With ADHD, it is imperative that he does have choices as much as possible.  If he gets to the end of his homework capacity. Do you need to take 10 minutes, or can you take a second to calm yourself and get through it?  He makes the choice.  It gives him a greater sense of control when he has tools and he can make decisions to manage his own behavior. 
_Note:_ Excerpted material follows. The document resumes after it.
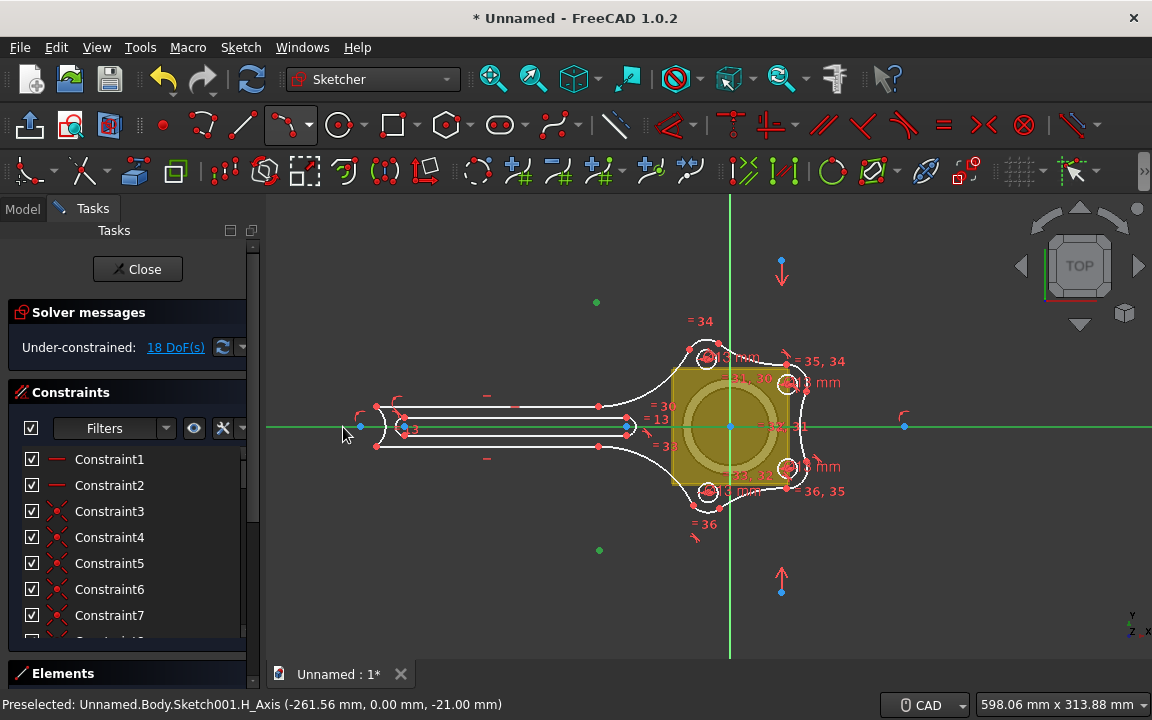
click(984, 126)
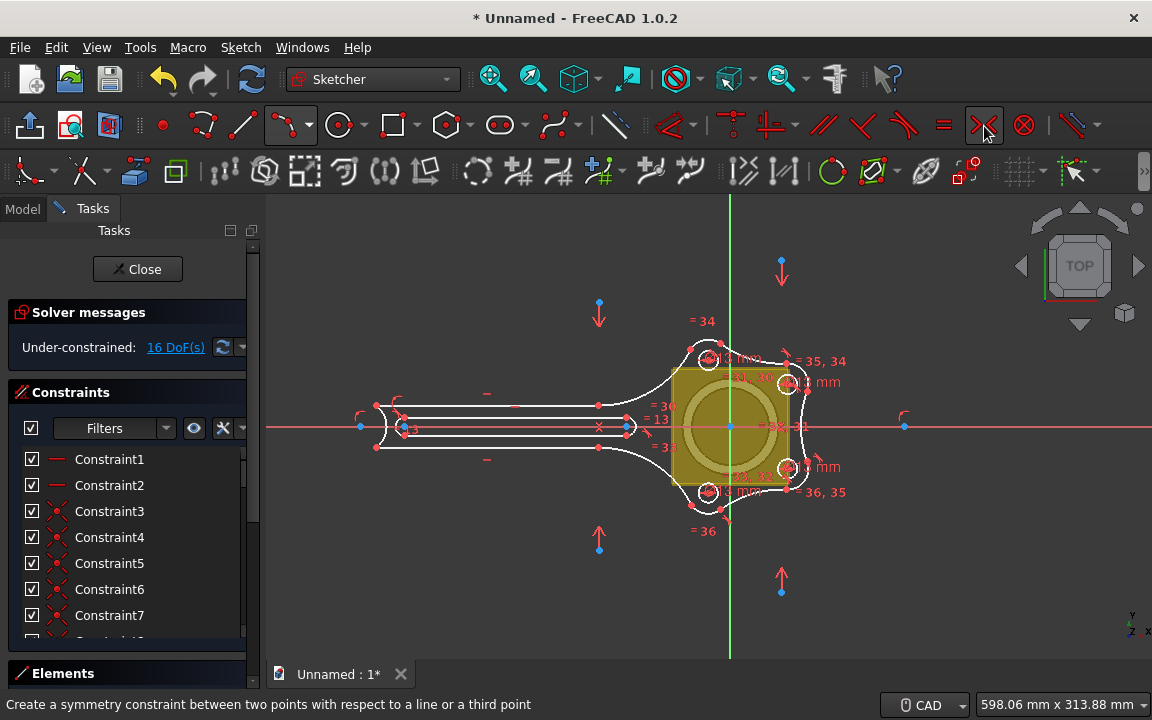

It is also really important to catch him doing things right and praise him as much as possible, and try to ignore negative behaviors when possible.  Avoid power struggles.  And try using positive reinforcement rather than punitive consequences.  So, Not - if you don't finish your homework, no tv for you tonight.  Instead, For every day that you finish your homework, you earn the privilege of playing a game with mom/dad (watching tv, using the computer, playing a video game, etc...),  always is more motivating and affirming that way.  Often kids with ADHD get a lot of negative feedback, and it can make them feel like they don't want to even try.  Very important to avoid that.  The more empowered he feels and the more he likes himself and is proud of himself, the better he will do.

caro100
by on Dec. 10, 2012 at 2:14 PM

Good luck with the homework wars..  Lots and lots of physical activity.  Not so much computer and gaming consoles, unless it is wii and its a physical game.  My son was a nonresponder to medicine.  Basically you have to be very hands on.  My son still finds it hard to focus on not fun things, but amazingly can focus for hours on video games, hmmmm!!!

nikkita311
by on Dec. 11, 2012 at 1:11 PM
My sons medicine wears off at three so if he needs back up Med we have one but he usually stays calm if he is watching TV and playing the wii or PSP handheld game system,he doesn't have much of a structured routine due to certain family members but I try.my son adhd.white noise helps too,static on TV or radio.
jstone76
by on Dec. 14, 2012 at 3:59 PM

Thanks so much for all of the advice. I'm starting to use some of the tips already. I realized that I mainly need to change myself to be more laid back and try to look at each situation differently.